The Oracle case shows the government’s continued enforcement focus on GSA Schedule contractor liability for defective pricing and civil false claims. Although this case is far from over, contractors should consider the following when evaluating their compliance with GSA Schedule contract requirements:  

  • To comply with the Price Reductions clause, a contractor should have a tracking system that monitors sales to the basis of award customer to ensure the government is receiving appropriate prices and discounts. Pricing or discount arrangements better than those previously offered to the basis of award customer must be reported to the GSA within 15 days and the government’s pricing adjusted accordingly.  
  • The Price Reductions clause is not implicated where the government is not purchasing items under similar terms and conditions. The Price Reductions clause also makes exceptions for sales to commercial customers in excess of the maximum order threshold specified in the GSA Schedule contract, to federal agencies, to state and local government entities when the order is placed under the GSA Schedule contract (and the state or local government entity is the basis of award customer) and when the sale was caused by an error in quotation or billing. The government’s allegations that Oracle manipulated orders by changing the terms of a software license so the license was not similar to the item on Oracle’s MAS schedule suggest the government will scrutinize commercial sales to determine whether a contractor is circumventing the Price Reductions clause.

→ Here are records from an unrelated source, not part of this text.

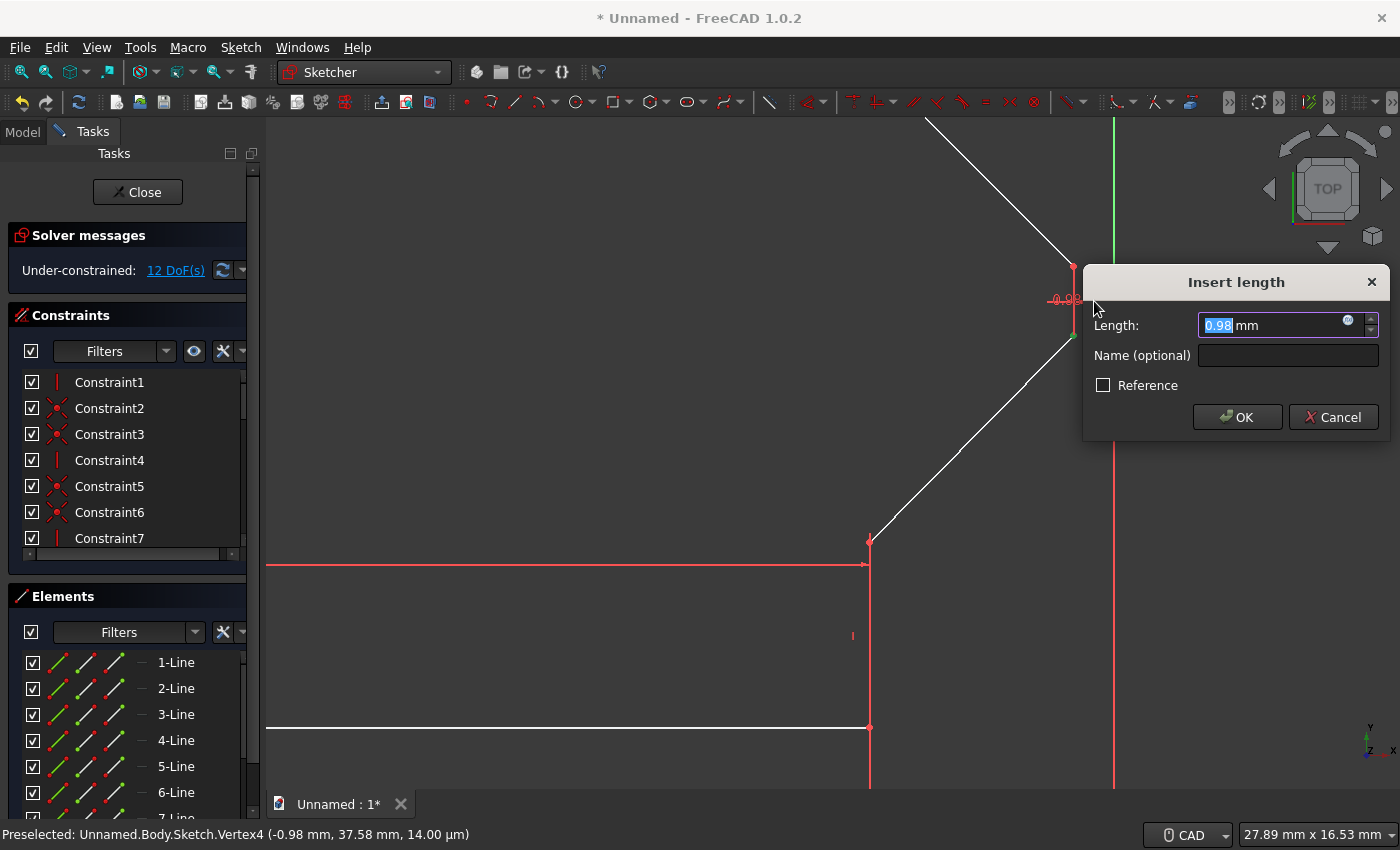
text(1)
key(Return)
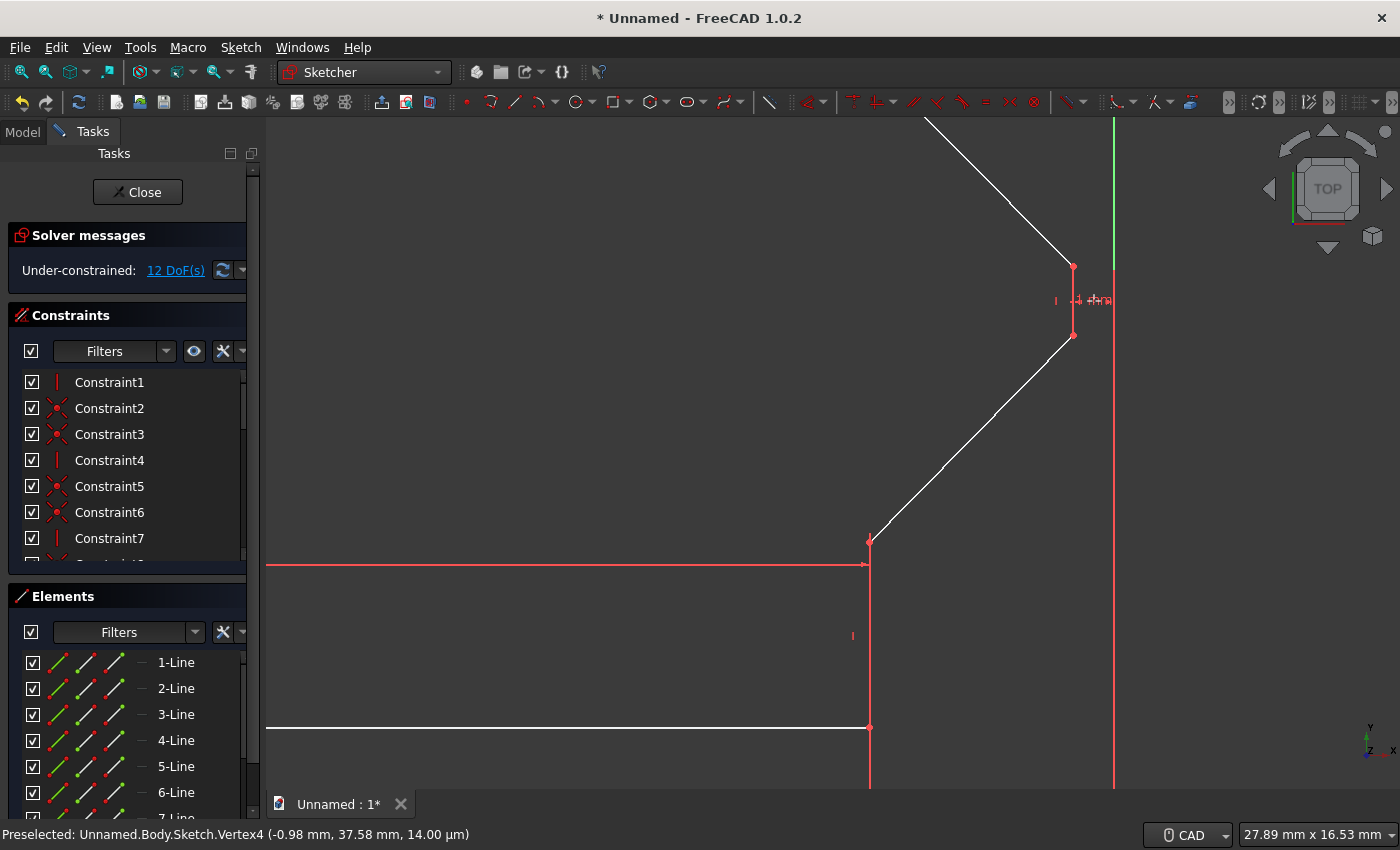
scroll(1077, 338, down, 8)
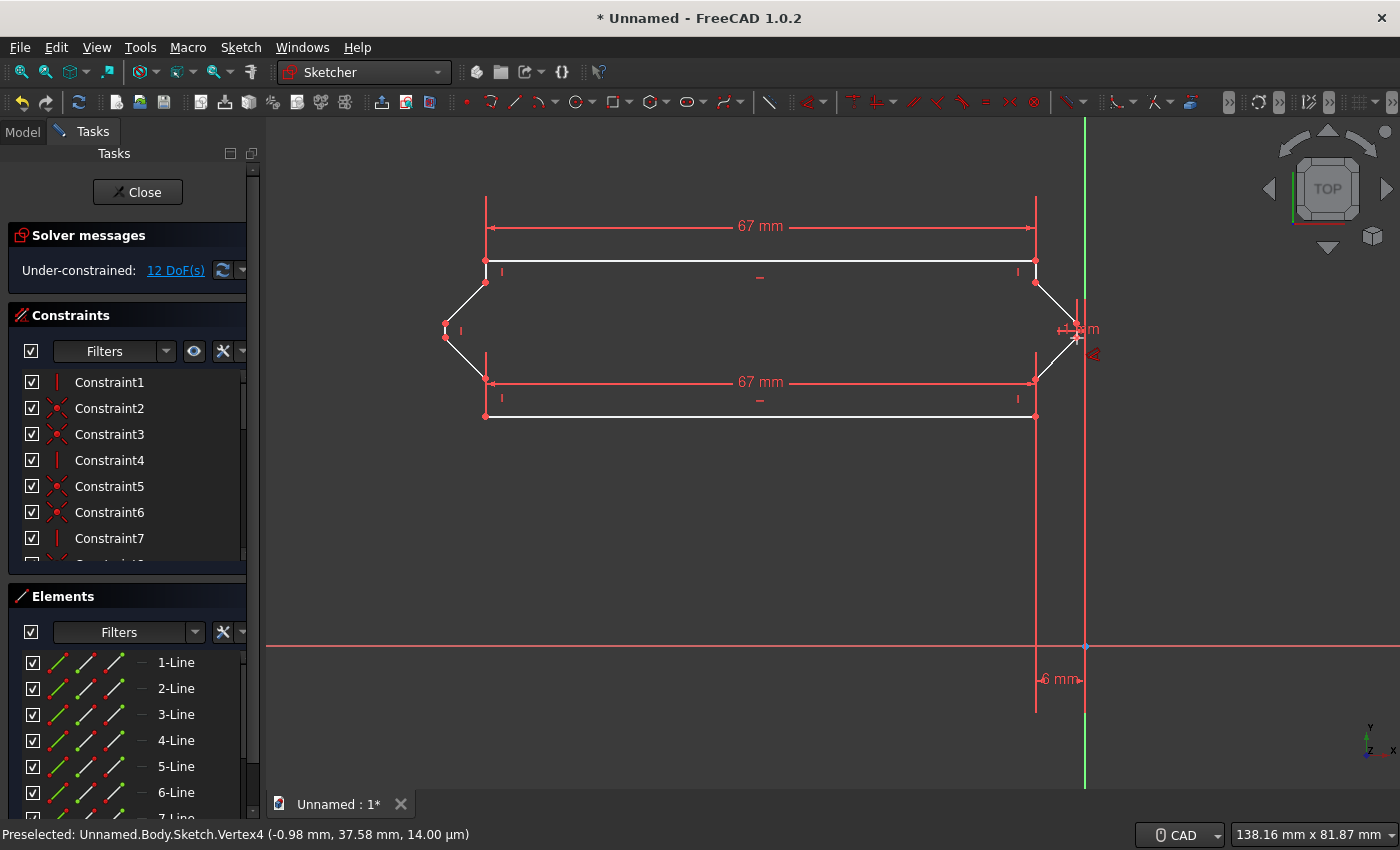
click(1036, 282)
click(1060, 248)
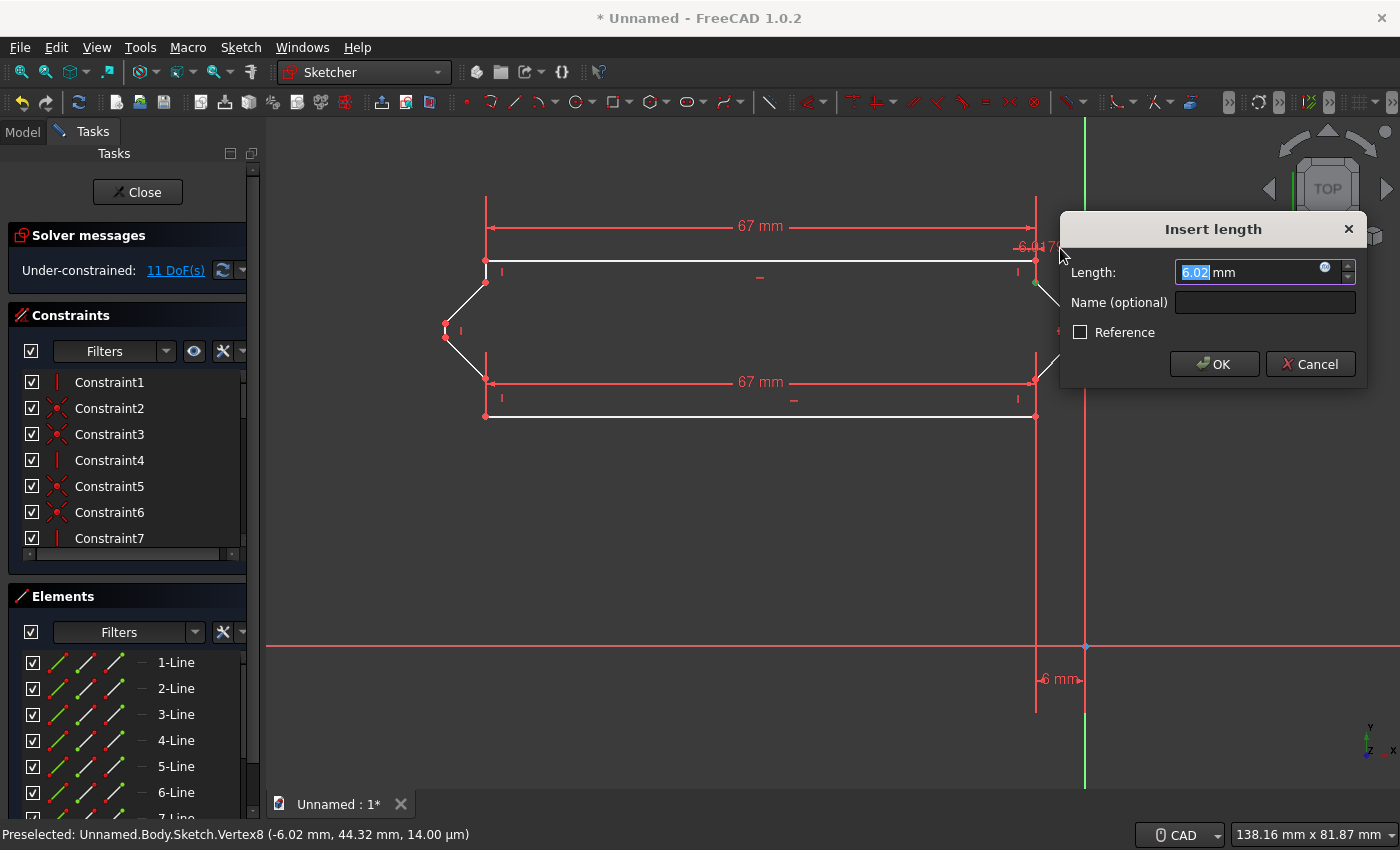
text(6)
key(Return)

  • Violating the Price Reductions clause, failing to disclose discounts and other sales data, and making false or misleading statements when negotiating a GSA Schedule contract or contract modifications can create liability under the False Claims Act, making the contractor potentially liable for up to three times the damages that result and a penalty of $5,500 to $11,000 per claim.  
  • Because of the potential liability under the False Claims Act, contractors should be attentive to employees raising questions about discount and pricing practices in connection with GSA Schedule contracts. In the Oracle case, the government cited emails from an employee who was “uncomfortable” with the discounts and expressed concerns about GSA discovering certain transactions. Contractors must have a mechanism for investigating whether such concerns are credible and whether there is evidence of potential violations of the contract, criminal statutes, or the civil False Claims Act. Government contractors and subcontractors are now required to disclose to the government whenever they have credible evidence of certain criminal violations or a violation of the civil False Claims Act in connection with the award, performance, or closeout of a government contract or subcontract. A contractor may also be suspended or debarred for a knowing failure by a principal to timely disclose to the government credible evidence of certain criminal violations, a violation of the civil False Claims Act or a “significant overpayment.”